If the weathermen and Facebook statuses are to be believed, right now a blizzard should be hitting the U of C campus, bringing with it as much as 18 inches of snow. In spite of icy sidewalks and burgeoning snow drifts, we students will continue to trudge around campus, unless a particularly kind professor (or rather, one finding it impossible to drive into Hyde Park from the suburbs) cancels his or her class, bestowing on us at least a partial, unofficial snow day.

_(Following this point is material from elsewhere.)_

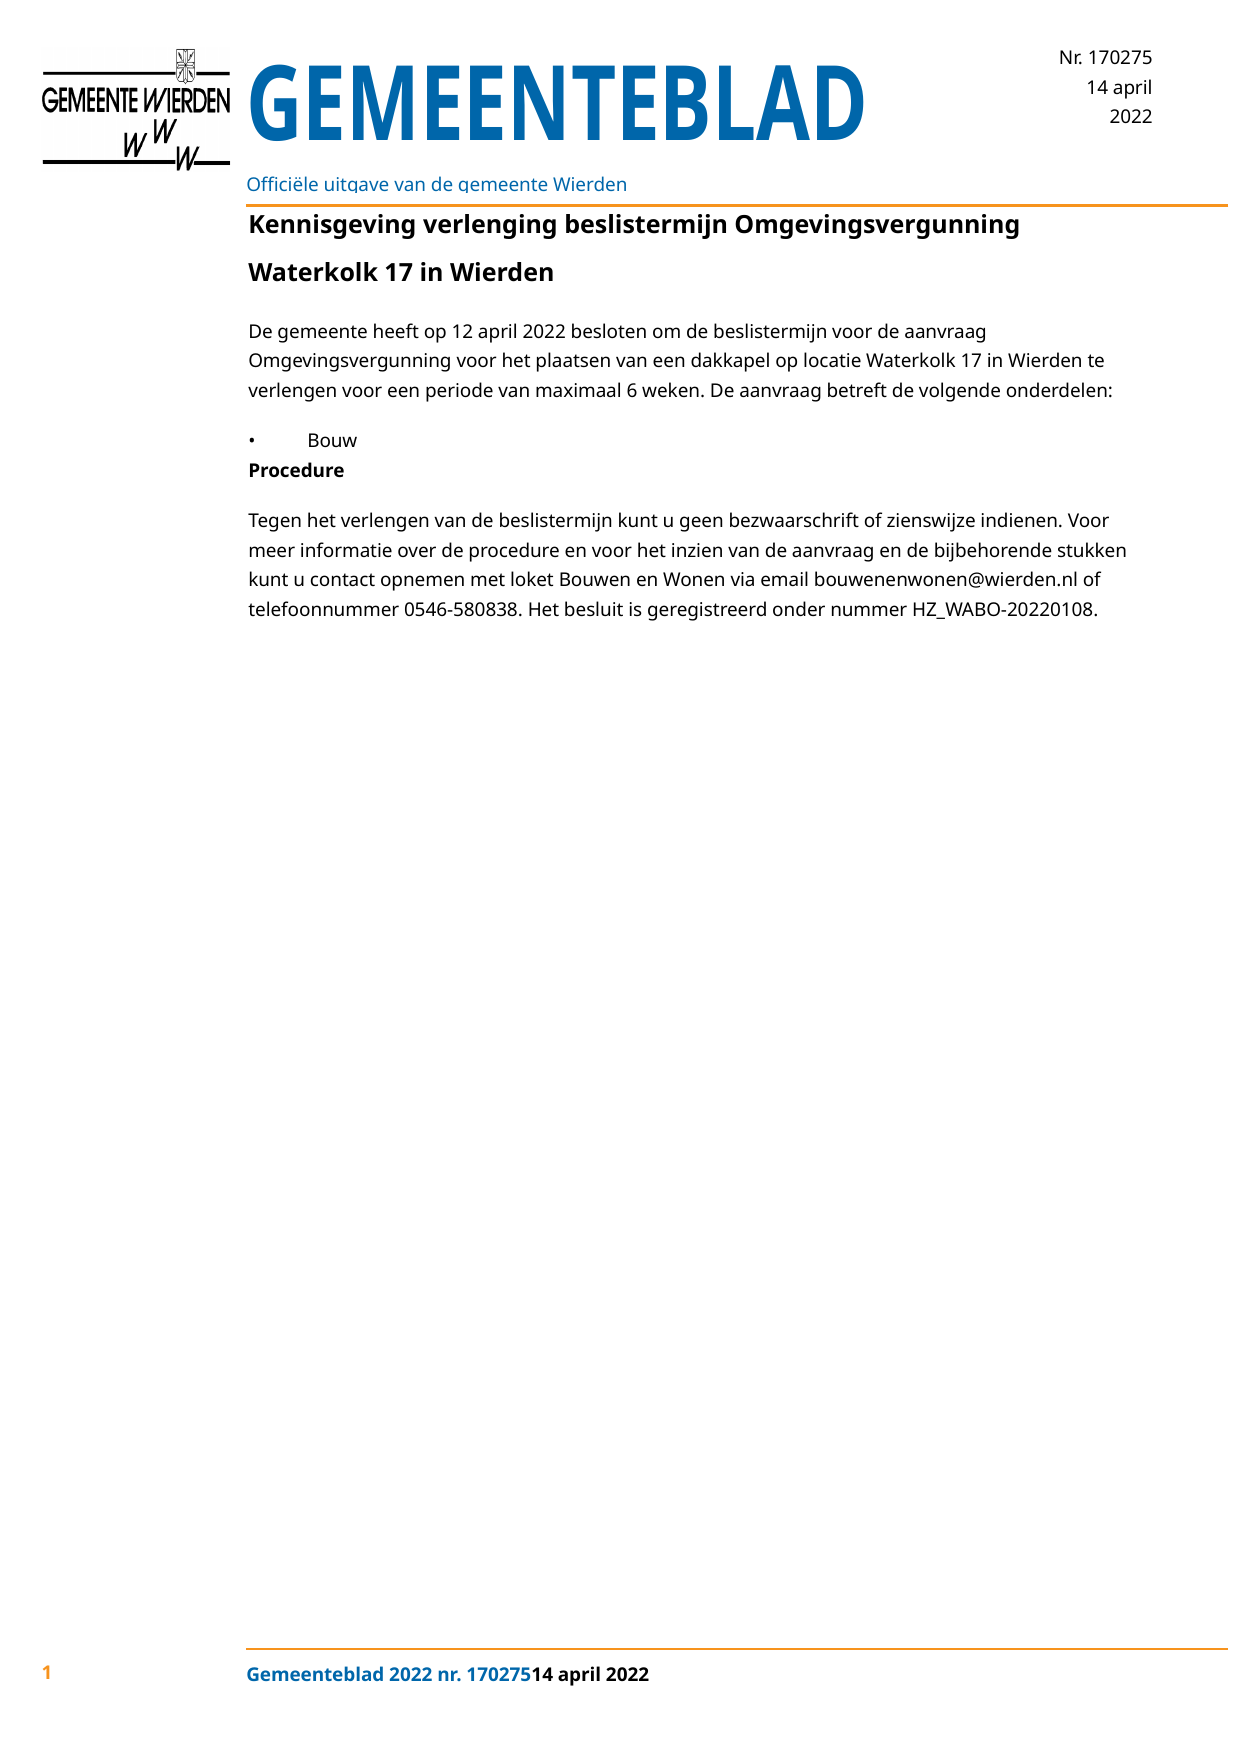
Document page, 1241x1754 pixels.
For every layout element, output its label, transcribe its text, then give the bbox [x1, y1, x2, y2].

If you were expecting an official, University-wide snow day, it’s probable that you’re from the South or some other place with a warm climate, and you’re still adjusting to the concept of “snow” in the first place. In fact, the entire city of Chicago has an illustrious history of not stopping business as usual for such a weak reason as some snowfall. The public school system hasn’t had a snow day since 1999, when conditions got so severe that Lake Shore Drive shut down for the first time ever. Even then, the University did not close.
While the University does have a procedure for canceling classes and closing administrative offices due to severe weather, it has not been carried out in recent memory. And if you’re wondering how likely the University is to pull out the snow closure procedures in the near future, just know that they’re filed in the same section of the U of C’s Emergency Management Plan as the procedures for handling a flu pandemic and for turning the ground floor of Henry Crown into a “temporary morgue.”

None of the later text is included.